See the original [tiiuae/falcon-7b](https://huggingface.co/tiiuae/falcon-7b) for more information, intended use, and biases.
## Intended uses & limitations
This model is intended as a (poor) baseline for Dutch generative LLMs. It by no means aims to provide SOTA performance and is specifically intended for research purposes.
Importantly, the original Falcon 7B model was only trained on English and French. Therefore, Dutch generations should be taken with a massive grain of salt. I
wanted to see if the performance would be reasonable after finetuning this model on a Dutch dataset. I find that it is okay but not great. It's especially not coherent.

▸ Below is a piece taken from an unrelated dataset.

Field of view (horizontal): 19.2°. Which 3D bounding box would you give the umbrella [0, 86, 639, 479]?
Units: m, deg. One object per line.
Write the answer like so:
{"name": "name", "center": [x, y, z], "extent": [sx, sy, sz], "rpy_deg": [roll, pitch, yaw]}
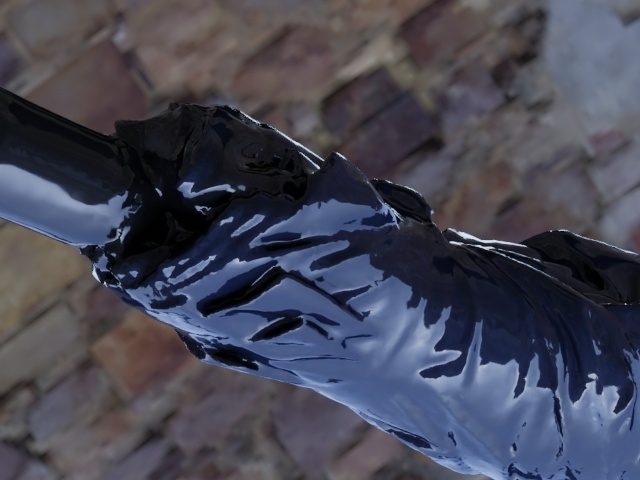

## Training and evaluation data
Trained on the [yhavinga/mc4_nl_cleaned](https://huggingface.co/datasets/yhavinga/mc4_nl_cleaned/viewer/tiny/train) dataset (`tiny` partition) for one epoch. The canonical
validation split was not used but instead 5% of `train` was used as validation.
At 2048 tokens context length, the training set was around 2M (2,008,858) samples, and the model was trained for 1 epoch. That means that the model was trained for
around 4B Dutch tokens (`2048 * 2008858 = 4.114.141.184`).
## Training procedure
Trained with LoRA targetting `['query_key_value', 'dense', 'dense_h_to_4h', 'dense_4h_to_h']` in 4 bit and merged before upload.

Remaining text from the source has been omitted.